Wednesday, September 27, 2006 - 8:33am

By Rose Giordano

Are you having trouble losing weight despite spending endless hours at the gym? Many people complain that regardless of all the time they spend on the treadmill or rowing machine they still can’t lose any inches. What gives?

First, there is no need for you to subject yourself to daily weighing on your bathroom scale. A better and less emotionally damaging way to get and/or stay fit is to think in the terms of energy balance. Your energy balance is basically a matter of your energy input (what you are eating) versus your energy output (how many calories you are burning off).

Energy balance is the key to weight loss

It’s important for you to be aware of what you are eating in comparison with your activity level. Energy balance can be looked at as a positive balance versus a negative balance.

  • When you have a positive energy balance, you are eating more energy (i.e. calories) than what you’re burning off. This extra energy is then stored by the body for later use…which basically amounts to weight gain.

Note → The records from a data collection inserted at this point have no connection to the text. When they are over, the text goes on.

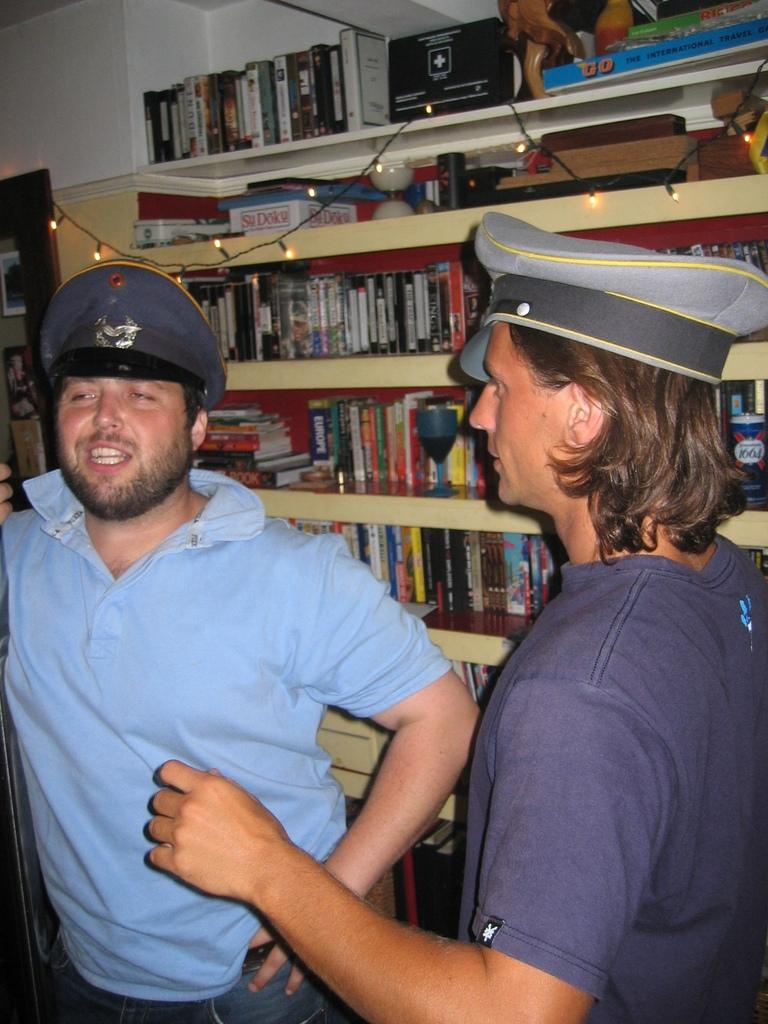How many people are in the image? There are two persons in the image. What are the persons wearing on their heads? The persons are wearing caps. What can be seen on the racks in the image? There are books, boxes, and other objects on the racks. Are there any decorative elements in the image? Yes, there are serial lights in the image. What type of structure can be seen in the image? There are walls visible in the image. Can you hear the sound of a gunshot in the image? There is no mention of a gun or gunshot in the image, so it cannot be heard. 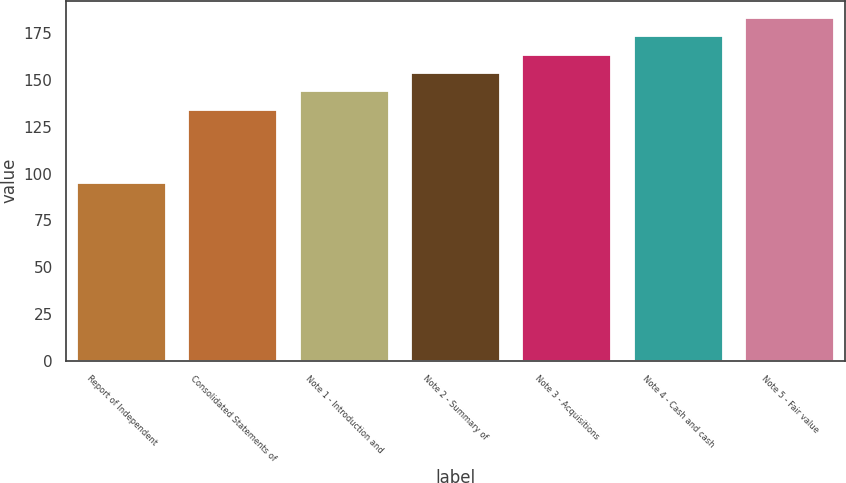Convert chart. <chart><loc_0><loc_0><loc_500><loc_500><bar_chart><fcel>Report of Independent<fcel>Consolidated Statements of<fcel>Note 1 - Introduction and<fcel>Note 2 - Summary of<fcel>Note 3 - Acquisitions<fcel>Note 4 - Cash and cash<fcel>Note 5 - Fair value<nl><fcel>95<fcel>134.2<fcel>144<fcel>153.8<fcel>163.6<fcel>173.4<fcel>183.2<nl></chart> 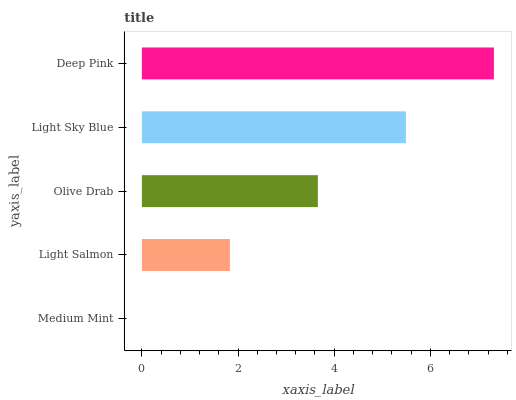Is Medium Mint the minimum?
Answer yes or no. Yes. Is Deep Pink the maximum?
Answer yes or no. Yes. Is Light Salmon the minimum?
Answer yes or no. No. Is Light Salmon the maximum?
Answer yes or no. No. Is Light Salmon greater than Medium Mint?
Answer yes or no. Yes. Is Medium Mint less than Light Salmon?
Answer yes or no. Yes. Is Medium Mint greater than Light Salmon?
Answer yes or no. No. Is Light Salmon less than Medium Mint?
Answer yes or no. No. Is Olive Drab the high median?
Answer yes or no. Yes. Is Olive Drab the low median?
Answer yes or no. Yes. Is Deep Pink the high median?
Answer yes or no. No. Is Medium Mint the low median?
Answer yes or no. No. 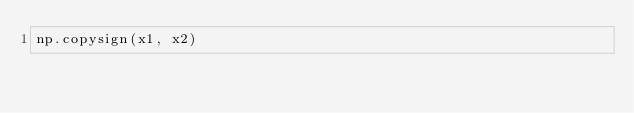Convert code to text. <code><loc_0><loc_0><loc_500><loc_500><_Python_>np.copysign(x1, x2)</code> 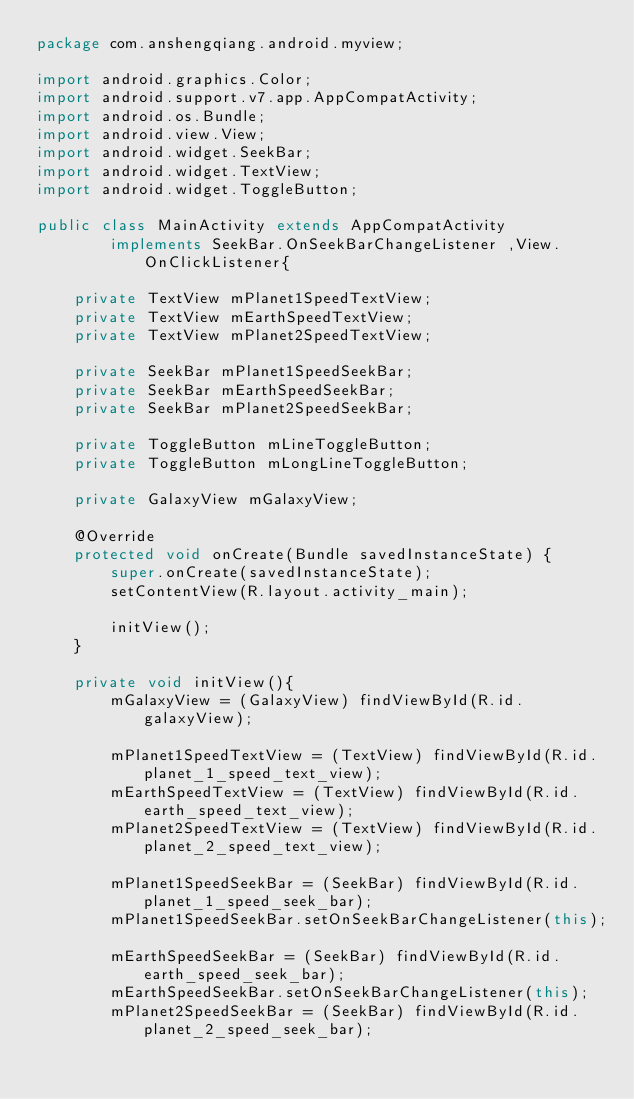Convert code to text. <code><loc_0><loc_0><loc_500><loc_500><_Java_>package com.anshengqiang.android.myview;

import android.graphics.Color;
import android.support.v7.app.AppCompatActivity;
import android.os.Bundle;
import android.view.View;
import android.widget.SeekBar;
import android.widget.TextView;
import android.widget.ToggleButton;

public class MainActivity extends AppCompatActivity
        implements SeekBar.OnSeekBarChangeListener ,View.OnClickListener{

    private TextView mPlanet1SpeedTextView;
    private TextView mEarthSpeedTextView;
    private TextView mPlanet2SpeedTextView;

    private SeekBar mPlanet1SpeedSeekBar;
    private SeekBar mEarthSpeedSeekBar;
    private SeekBar mPlanet2SpeedSeekBar;

    private ToggleButton mLineToggleButton;
    private ToggleButton mLongLineToggleButton;
    
    private GalaxyView mGalaxyView;

    @Override
    protected void onCreate(Bundle savedInstanceState) {
        super.onCreate(savedInstanceState);
        setContentView(R.layout.activity_main);

        initView();
    }

    private void initView(){
        mGalaxyView = (GalaxyView) findViewById(R.id.galaxyView);

        mPlanet1SpeedTextView = (TextView) findViewById(R.id.planet_1_speed_text_view);
        mEarthSpeedTextView = (TextView) findViewById(R.id.earth_speed_text_view);
        mPlanet2SpeedTextView = (TextView) findViewById(R.id.planet_2_speed_text_view);

        mPlanet1SpeedSeekBar = (SeekBar) findViewById(R.id.planet_1_speed_seek_bar);
        mPlanet1SpeedSeekBar.setOnSeekBarChangeListener(this);
        
        mEarthSpeedSeekBar = (SeekBar) findViewById(R.id.earth_speed_seek_bar);
        mEarthSpeedSeekBar.setOnSeekBarChangeListener(this);
        mPlanet2SpeedSeekBar = (SeekBar) findViewById(R.id.planet_2_speed_seek_bar);</code> 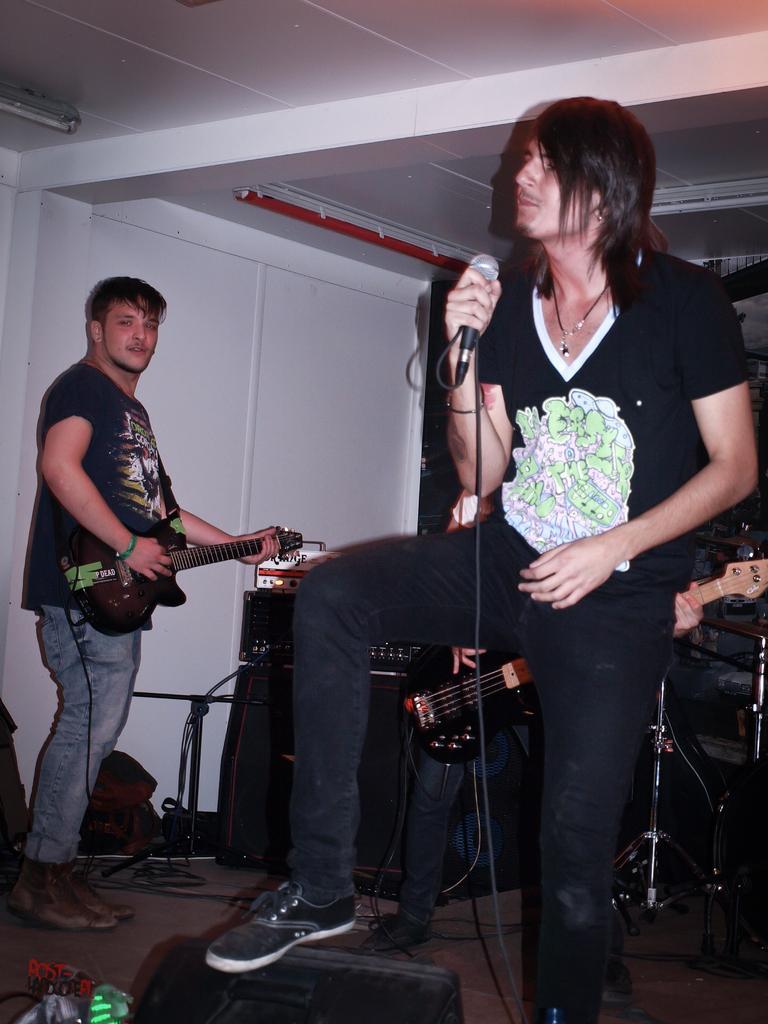Could you give a brief overview of what you see in this image? In the picture there are three persons total ,the first person is singing the song, the second person and third person are playing the guitar, in the background there is a music system beside that there is a white color wall. 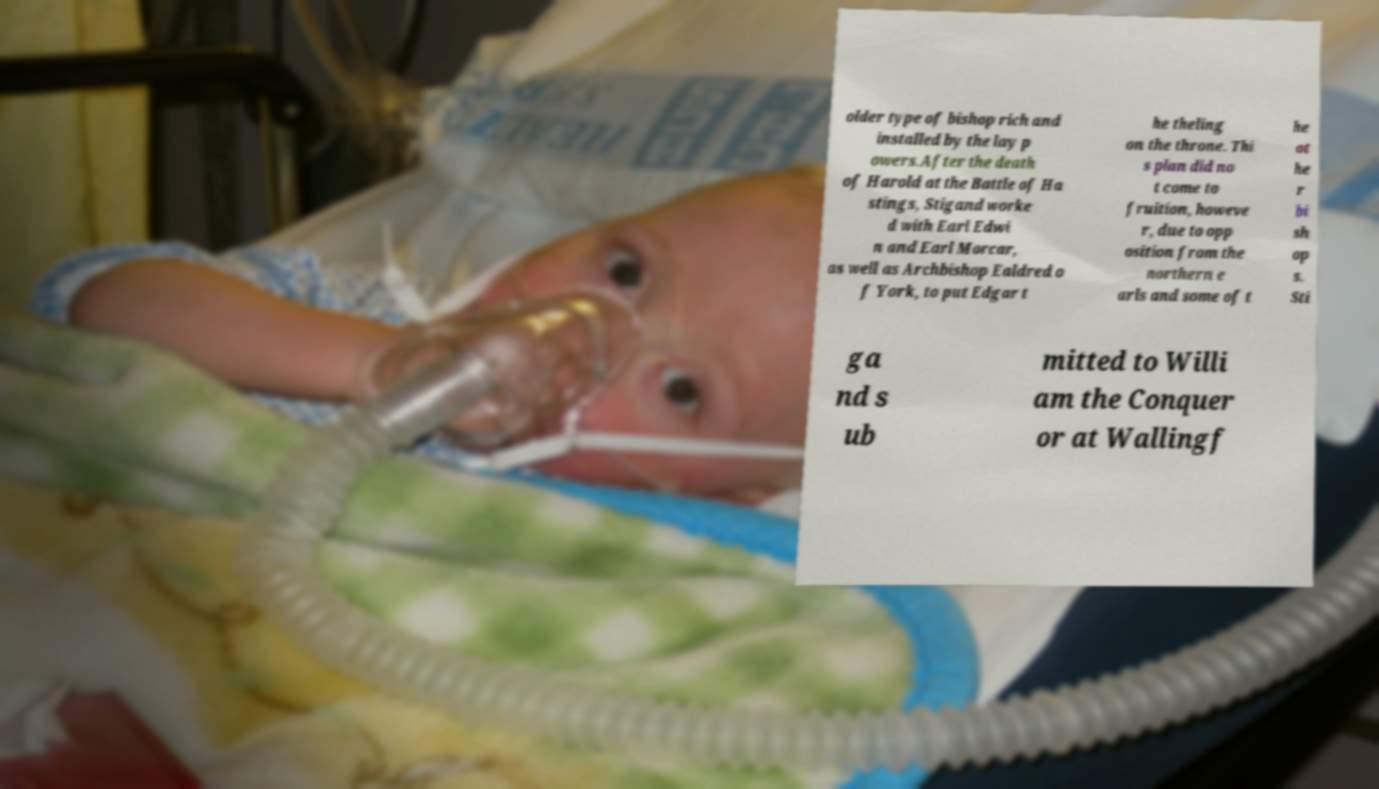Please identify and transcribe the text found in this image. older type of bishop rich and installed by the lay p owers.After the death of Harold at the Battle of Ha stings, Stigand worke d with Earl Edwi n and Earl Morcar, as well as Archbishop Ealdred o f York, to put Edgar t he theling on the throne. Thi s plan did no t come to fruition, howeve r, due to opp osition from the northern e arls and some of t he ot he r bi sh op s. Sti ga nd s ub mitted to Willi am the Conquer or at Wallingf 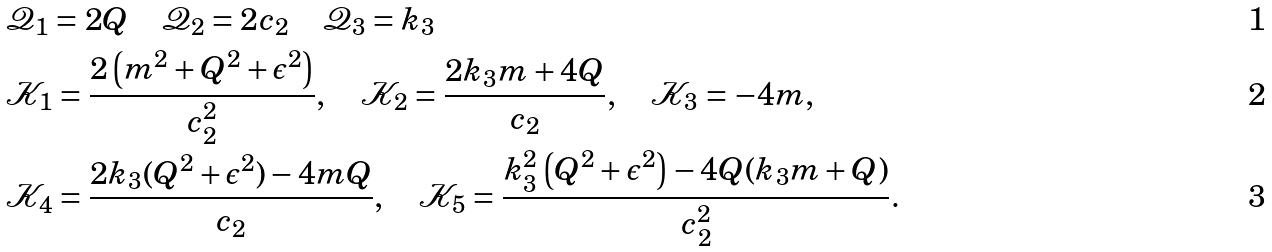Convert formula to latex. <formula><loc_0><loc_0><loc_500><loc_500>& \mathcal { Q } _ { 1 } = 2 Q \quad \mathcal { Q } _ { 2 } = 2 c _ { 2 } \quad \mathcal { Q } _ { 3 } = k _ { 3 } \\ & \mathcal { K } _ { 1 } = \frac { 2 \left ( m ^ { 2 } + Q ^ { 2 } + \epsilon ^ { 2 } \right ) } { c _ { 2 } ^ { 2 } } , \quad \mathcal { K } _ { 2 } = \frac { 2 k _ { 3 } m + 4 Q } { c _ { 2 } } , \quad \mathcal { K } _ { 3 } = - 4 m , \\ & \mathcal { K } _ { 4 } = \frac { 2 k _ { 3 } ( Q ^ { 2 } + \epsilon ^ { 2 } ) - 4 m Q } { c _ { 2 } } , \quad \mathcal { K } _ { 5 } = \frac { k _ { 3 } ^ { 2 } \left ( Q ^ { 2 } + \epsilon ^ { 2 } \right ) - 4 Q ( k _ { 3 } m + Q ) } { c _ { 2 } ^ { 2 } } .</formula> 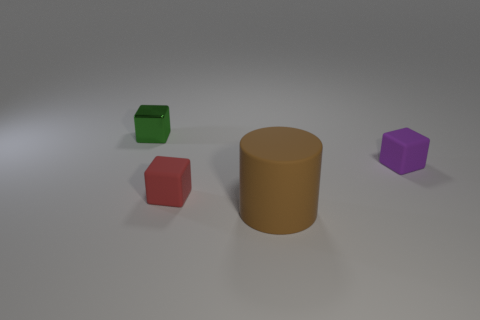Add 3 large cylinders. How many objects exist? 7 Subtract all gray blocks. Subtract all green spheres. How many blocks are left? 3 Subtract all blocks. How many objects are left? 1 Subtract all large yellow matte spheres. Subtract all purple rubber objects. How many objects are left? 3 Add 1 tiny red rubber cubes. How many tiny red rubber cubes are left? 2 Add 2 red matte cubes. How many red matte cubes exist? 3 Subtract 0 cyan cubes. How many objects are left? 4 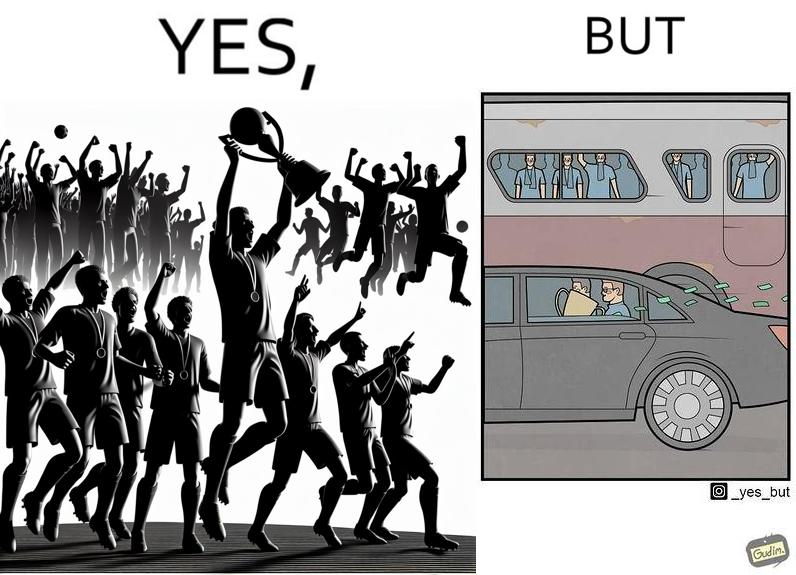Is this image satirical or non-satirical? Yes, this image is satirical. 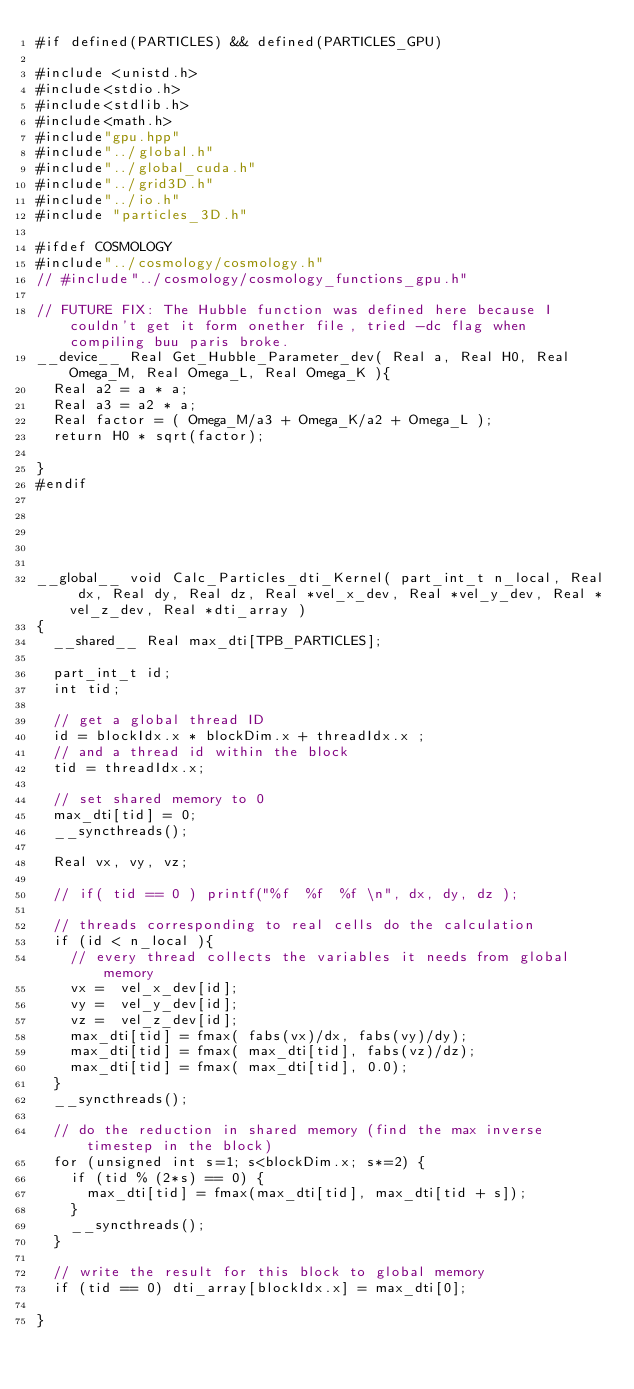Convert code to text. <code><loc_0><loc_0><loc_500><loc_500><_Cuda_>#if defined(PARTICLES) && defined(PARTICLES_GPU) 

#include <unistd.h>
#include<stdio.h>
#include<stdlib.h>
#include<math.h>
#include"gpu.hpp"
#include"../global.h"
#include"../global_cuda.h"
#include"../grid3D.h"
#include"../io.h"
#include "particles_3D.h"

#ifdef COSMOLOGY
#include"../cosmology/cosmology.h"
// #include"../cosmology/cosmology_functions_gpu.h"

// FUTURE FIX: The Hubble function was defined here because I couldn't get it form onether file, tried -dc flag when compiling buu paris broke. 
__device__ Real Get_Hubble_Parameter_dev( Real a, Real H0, Real Omega_M, Real Omega_L, Real Omega_K ){
  Real a2 = a * a;
  Real a3 = a2 * a;
  Real factor = ( Omega_M/a3 + Omega_K/a2 + Omega_L );
  return H0 * sqrt(factor);
  
}
#endif





__global__ void Calc_Particles_dti_Kernel( part_int_t n_local, Real dx, Real dy, Real dz, Real *vel_x_dev, Real *vel_y_dev, Real *vel_z_dev, Real *dti_array )
{  
  __shared__ Real max_dti[TPB_PARTICLES];
  
  part_int_t id;
  int tid;
   
  // get a global thread ID
  id = blockIdx.x * blockDim.x + threadIdx.x ;
  // and a thread id within the block  
  tid = threadIdx.x;
  
  // set shared memory to 0
  max_dti[tid] = 0;
  __syncthreads();
  
  Real vx, vy, vz;
  
  // if( tid == 0 ) printf("%f  %f  %f \n", dx, dy, dz );
  
  // threads corresponding to real cells do the calculation
  if (id < n_local ){
    // every thread collects the variables it needs from global memory
    vx =  vel_x_dev[id];
    vy =  vel_y_dev[id];
    vz =  vel_z_dev[id];
    max_dti[tid] = fmax( fabs(vx)/dx, fabs(vy)/dy);
    max_dti[tid] = fmax( max_dti[tid], fabs(vz)/dz);
    max_dti[tid] = fmax( max_dti[tid], 0.0);
  }
  __syncthreads();
  
  // do the reduction in shared memory (find the max inverse timestep in the block)
  for (unsigned int s=1; s<blockDim.x; s*=2) {
    if (tid % (2*s) == 0) {
      max_dti[tid] = fmax(max_dti[tid], max_dti[tid + s]);
    }
    __syncthreads();
  }
  
  // write the result for this block to global memory
  if (tid == 0) dti_array[blockIdx.x] = max_dti[0];

}




</code> 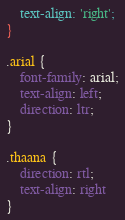<code> <loc_0><loc_0><loc_500><loc_500><_CSS_>    text-align: 'right';
}

.arial {
    font-family: arial;
    text-align: left;
    direction: ltr;
}

.thaana {
    direction: rtl;
    text-align: right
}</code>

Obesity will occur if you have a consistently high positive energy balance.
  • When you have a negative energy balance, you are eating less energy than you are burning off. As a result, your body will use its own stored energy to make up the difference…which results in weight loss. If you want to maintain your current weight, the amount of calories you consume should closely mimic what you expend in energy.

Remember: You don’t just burn calories when you exercise. You also burn calories by breathing, digesting, maintaining your body’s other processes, and even reading this article!

Watch your energy consumption - the foods you are eating

To take control of your energy balance, consider these three questions:

  1. What are you eating? Consider the foods that you are eating and determine which foods are highest in calories. Next, exchange them for foods that have lesser calories but which pack a nutritious punch: veggies, fruit, whole grains, baked or broiled chicken, etc.

  2. Why are you eating? Boredom is a leading cause of overeating. Having food in front of you also can trigger an urge to eat. Snacking while watching TV is another culprit that leads to excess calories. If you have an urge for a treat, dish out a proper serving size of the food and put the rest away. This will stop you from unconsciously overeating.
  3. When are you eating? Often people eat because it’s “lunchtime” and not when they are actually hungry. Social engagements with food platters arranged all around also encourage mindless snacking. Try determining whether you are really hungry before you reach for the chips and dip.

By taking these questions into consideration it will be easier for you to get a grip on your eating habits and get into shape!